10:30 Gespräch mit Herrn Goos wegen der Pflanzdemolierung am Caravan. Ersatz ist versprochen & muss dann realisiert werden. Wir bekommen ein neues Set Schlingpflanzen… evt. Ein paar Gräser…

Mails, Uploads, Fotobearbeitung. Warten auf wetransfer. Schnitt von Garteninterview mit Ehepaar Potempa. Frau Hammel vom Kassenhaus muss noch mal gefragt werden…

12:00 Warten auf wetransfer. Plan heute: Dekorationsstände auf LGS. Schaffe es nicht in die Literatur reinzulesen. Dickes Buch zum Pflanzenpressen mitgenommen. Der gelbe Ziertabak muss da rein… und einiges andere.

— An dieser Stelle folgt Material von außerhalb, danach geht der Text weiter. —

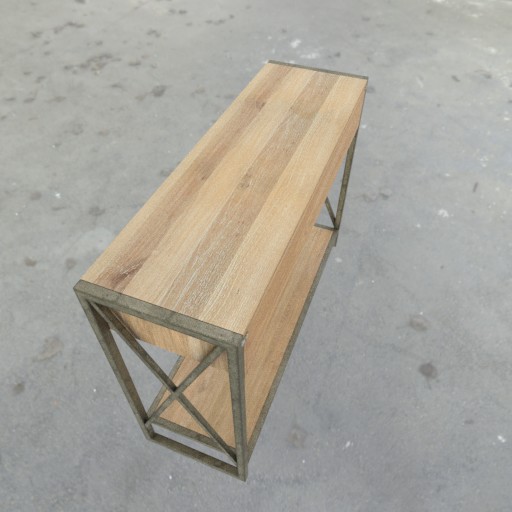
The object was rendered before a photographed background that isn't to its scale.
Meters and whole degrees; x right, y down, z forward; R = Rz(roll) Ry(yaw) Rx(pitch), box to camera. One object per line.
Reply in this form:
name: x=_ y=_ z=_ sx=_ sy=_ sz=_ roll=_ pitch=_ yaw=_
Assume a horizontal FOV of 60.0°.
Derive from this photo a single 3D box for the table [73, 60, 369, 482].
table: x=0.000 y=0.000 z=1.406 sx=0.361 sy=0.763 sz=1.059 roll=16 pitch=49 yaw=14
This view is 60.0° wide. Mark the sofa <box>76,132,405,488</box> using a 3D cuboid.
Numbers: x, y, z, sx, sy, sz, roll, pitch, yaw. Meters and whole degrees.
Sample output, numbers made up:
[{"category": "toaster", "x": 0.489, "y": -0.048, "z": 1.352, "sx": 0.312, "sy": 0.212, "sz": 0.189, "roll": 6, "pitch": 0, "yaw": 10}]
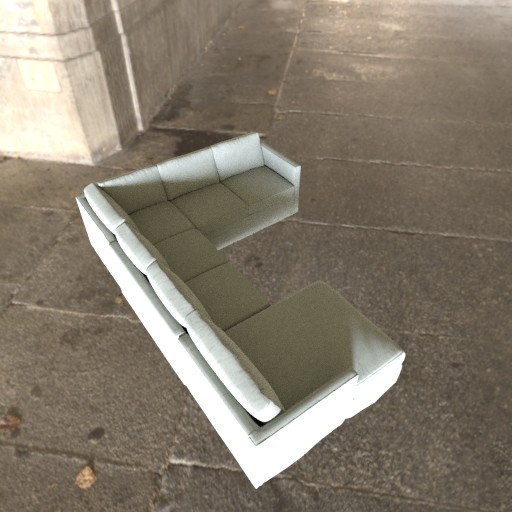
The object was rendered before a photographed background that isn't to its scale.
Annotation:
[{"category": "sofa", "x": 0.000, "y": 0.000, "z": 4.499, "sx": 2.440, "sy": 0.869, "sz": 3.434, "roll": -26, "pitch": 48, "yaw": -26}]
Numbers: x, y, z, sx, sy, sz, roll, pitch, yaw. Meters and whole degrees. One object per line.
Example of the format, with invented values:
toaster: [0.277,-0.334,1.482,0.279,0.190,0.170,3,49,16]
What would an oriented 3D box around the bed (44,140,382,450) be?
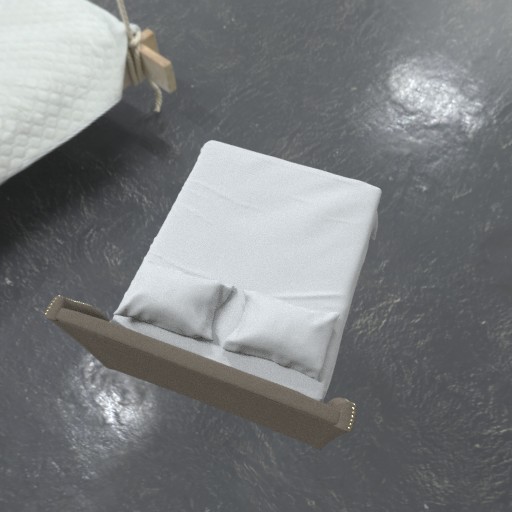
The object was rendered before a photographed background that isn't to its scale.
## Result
bed: [0.000,0.000,3.549,1.925,1.332,2.276,18,64,9]
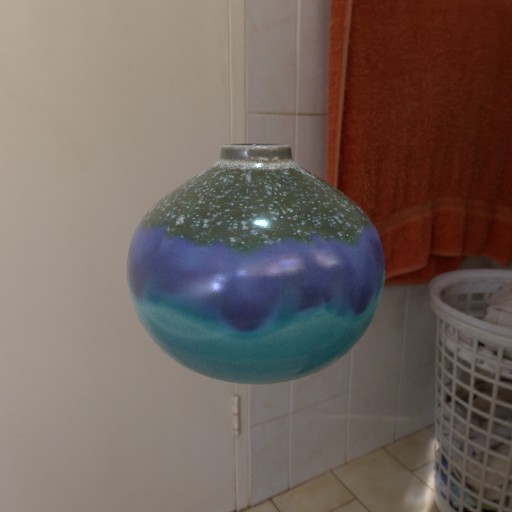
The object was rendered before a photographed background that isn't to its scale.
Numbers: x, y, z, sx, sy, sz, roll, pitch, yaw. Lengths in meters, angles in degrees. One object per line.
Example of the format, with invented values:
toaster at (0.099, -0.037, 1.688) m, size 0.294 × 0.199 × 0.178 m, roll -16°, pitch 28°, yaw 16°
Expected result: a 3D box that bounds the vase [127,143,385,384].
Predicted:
vase at (0.000, 0.000, 0.272) m, size 0.154 × 0.133 × 0.154 m, roll 0°, pitch 16°, yaw 0°
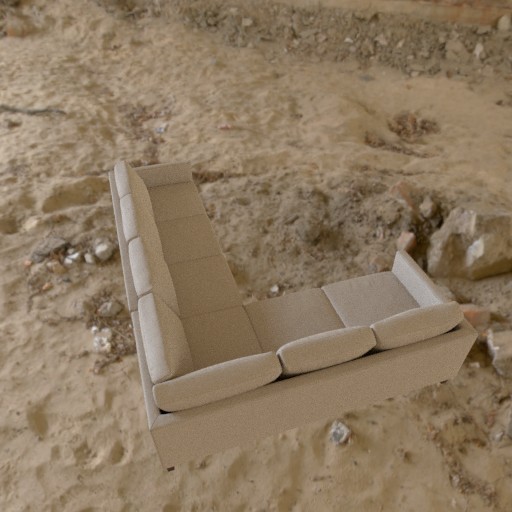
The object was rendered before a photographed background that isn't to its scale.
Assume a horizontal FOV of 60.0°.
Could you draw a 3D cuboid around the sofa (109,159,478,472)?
[{"bbox_3d":[0.000,0.000,4.256,2.432,0.863,3.182,-12,43,-13],"label":"sofa"}]
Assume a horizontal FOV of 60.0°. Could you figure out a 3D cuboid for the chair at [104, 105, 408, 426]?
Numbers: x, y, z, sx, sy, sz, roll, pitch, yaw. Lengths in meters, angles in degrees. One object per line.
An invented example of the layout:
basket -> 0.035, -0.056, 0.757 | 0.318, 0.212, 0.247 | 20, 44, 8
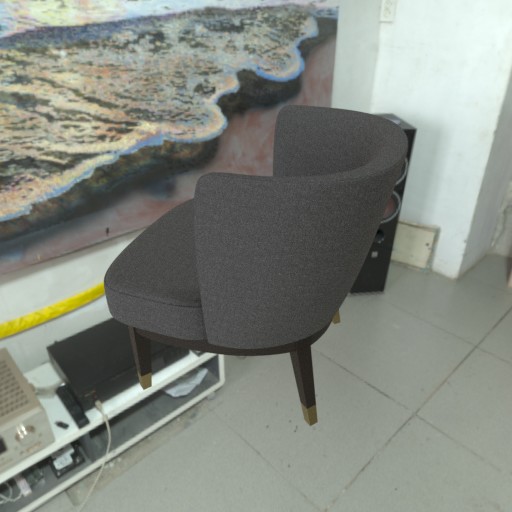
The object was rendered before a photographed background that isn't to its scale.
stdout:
chair -> 0.000, 0.000, 1.232 | 0.698, 0.695, 0.639 | 9, 32, 15
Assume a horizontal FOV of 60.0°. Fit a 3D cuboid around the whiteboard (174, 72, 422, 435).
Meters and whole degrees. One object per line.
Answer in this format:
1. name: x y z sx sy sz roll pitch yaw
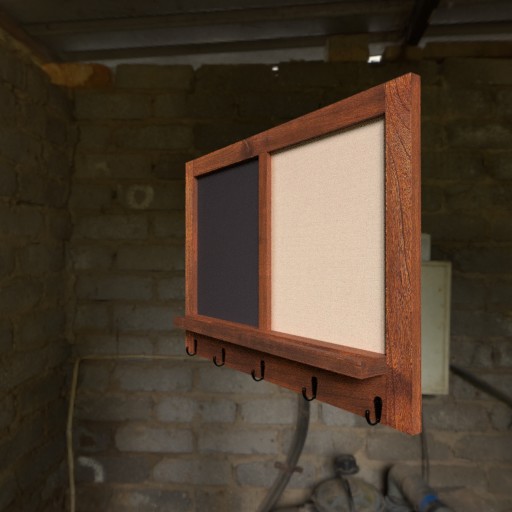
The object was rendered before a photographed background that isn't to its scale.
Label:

In Bäcker-Interview vom Kahlgrund/Spessart reingehört. Mächtiger Ortsstolz, auch schon bei der Handkäs-Dame. „Heimat“ ein wichtiges Wort hier… vielleicht auch anderswo.

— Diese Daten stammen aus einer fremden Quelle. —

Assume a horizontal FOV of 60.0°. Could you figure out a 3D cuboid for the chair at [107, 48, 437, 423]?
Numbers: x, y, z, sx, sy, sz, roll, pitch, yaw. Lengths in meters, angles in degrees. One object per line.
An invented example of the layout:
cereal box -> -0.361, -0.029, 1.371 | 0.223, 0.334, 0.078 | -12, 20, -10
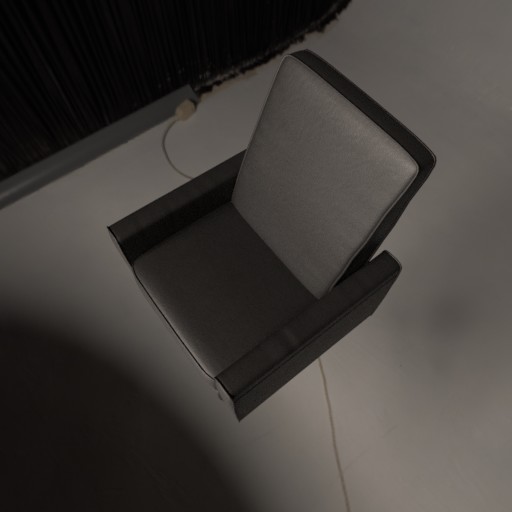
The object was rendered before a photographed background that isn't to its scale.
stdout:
chair -> 0.000, 0.000, 1.498 | 0.746, 1.013, 0.705 | -35, 68, -16
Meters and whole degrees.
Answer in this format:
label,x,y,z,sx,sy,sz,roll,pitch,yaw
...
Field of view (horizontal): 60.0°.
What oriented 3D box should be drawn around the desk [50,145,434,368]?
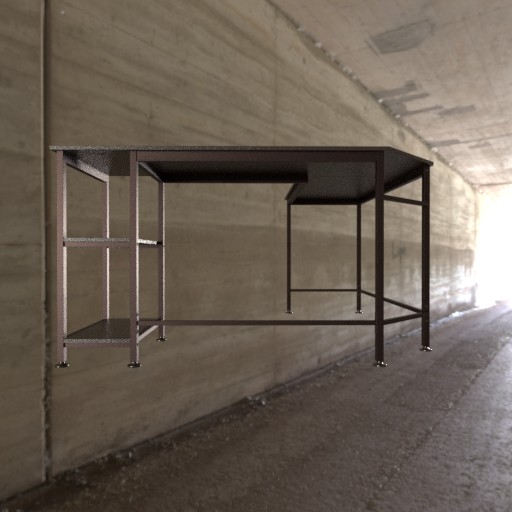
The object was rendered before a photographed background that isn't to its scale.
label,x,y,z,sx,sy,sz,roll,pitch,yaw
desk,0.000,0.000,2.166,1.379,0.739,1.379,0,0,0
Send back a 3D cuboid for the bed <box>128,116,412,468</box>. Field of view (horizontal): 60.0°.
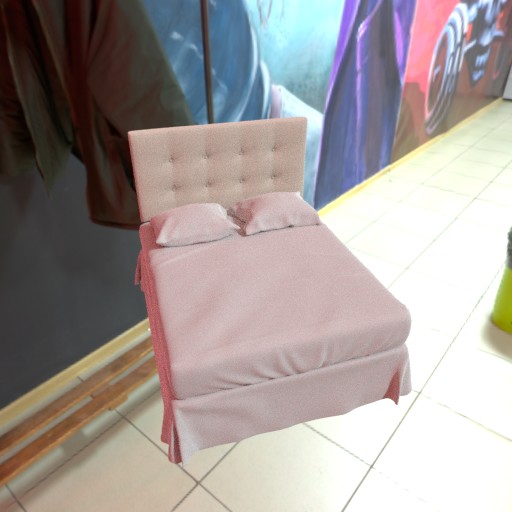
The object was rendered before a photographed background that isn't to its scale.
[{"bbox_3d":[0.000,0.000,3.527,1.936,1.577,2.222,-10,33,-15],"label":"bed"}]

Foto vom Kassenwärter I fehlt noch, der sitzt nun wohl an der Hauptkasse: Dort vorbeifahren (und anhalten). Auf dem Rechner explodieren die Dateien, wie üblich. Ein diszipliniertes Ordnungssystem fehlt.

Fichte kurz gelesen: Scharfumrissene Momente. Meint man nur, dass da mehr passiert, weil es fremder ist/in Brasilien spielt? Auf der LGS gibt es keine Transvestiten in den Büschen – nicht soweit ich beobachten könnte. Nicht mal heimlich pinkelnde Rentner. Oder ist es der Stil? Oder ist es die himmelschreiende Armut, die jede Beschreibung, jeden Dialog wie mageres Stroh durchlagert – und hier – in Hessen, Gießen, LGS, der dicke, träge, satte Lehm des mitteldeutschen Wohlstands.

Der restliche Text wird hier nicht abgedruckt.